▶ Required action
Find the line in the entries below that contains "Ensure brevity in". Repeat it exactly, and every line after it through the line that contains "Give a very brief answer. Metal.".

▶ Given data
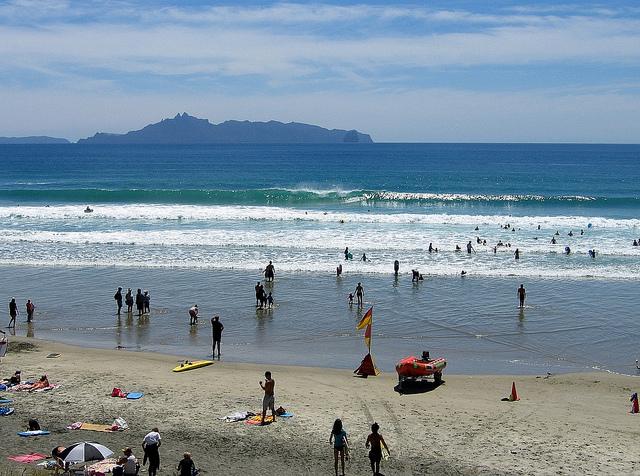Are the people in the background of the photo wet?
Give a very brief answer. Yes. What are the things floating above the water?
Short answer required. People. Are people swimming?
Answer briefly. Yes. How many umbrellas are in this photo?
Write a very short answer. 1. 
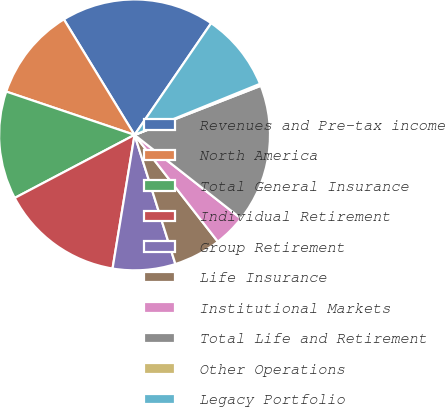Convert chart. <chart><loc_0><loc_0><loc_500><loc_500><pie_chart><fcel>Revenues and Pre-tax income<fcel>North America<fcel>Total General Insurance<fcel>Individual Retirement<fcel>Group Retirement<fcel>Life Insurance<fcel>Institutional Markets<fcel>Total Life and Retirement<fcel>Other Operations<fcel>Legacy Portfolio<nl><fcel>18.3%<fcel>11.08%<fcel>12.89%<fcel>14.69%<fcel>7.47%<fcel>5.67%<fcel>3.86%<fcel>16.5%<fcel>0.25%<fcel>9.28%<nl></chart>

...

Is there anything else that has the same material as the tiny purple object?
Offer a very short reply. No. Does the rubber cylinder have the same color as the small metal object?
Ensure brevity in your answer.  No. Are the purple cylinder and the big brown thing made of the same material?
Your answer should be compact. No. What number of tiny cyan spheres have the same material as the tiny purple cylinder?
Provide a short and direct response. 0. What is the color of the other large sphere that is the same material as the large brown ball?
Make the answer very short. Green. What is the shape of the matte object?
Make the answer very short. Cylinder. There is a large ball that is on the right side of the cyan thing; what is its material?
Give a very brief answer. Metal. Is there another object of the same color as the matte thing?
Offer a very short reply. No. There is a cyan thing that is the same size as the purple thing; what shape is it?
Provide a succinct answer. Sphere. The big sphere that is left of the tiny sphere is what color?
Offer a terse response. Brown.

▶ Answer space
Ensure brevity in your answer.  No. Are the purple cylinder and the big brown thing made of the same material?
Your answer should be compact. No. What number of tiny cyan spheres have the same material as the tiny purple cylinder?
Provide a short and direct response. 0. What is the color of the other large sphere that is the same material as the large brown ball?
Make the answer very short. Green. What is the shape of the matte object?
Make the answer very short. Cylinder. There is a large ball that is on the right side of the cyan thing; what is its material?
Give a very brief answer. Metal. Is there another object of the same color as the matte thing?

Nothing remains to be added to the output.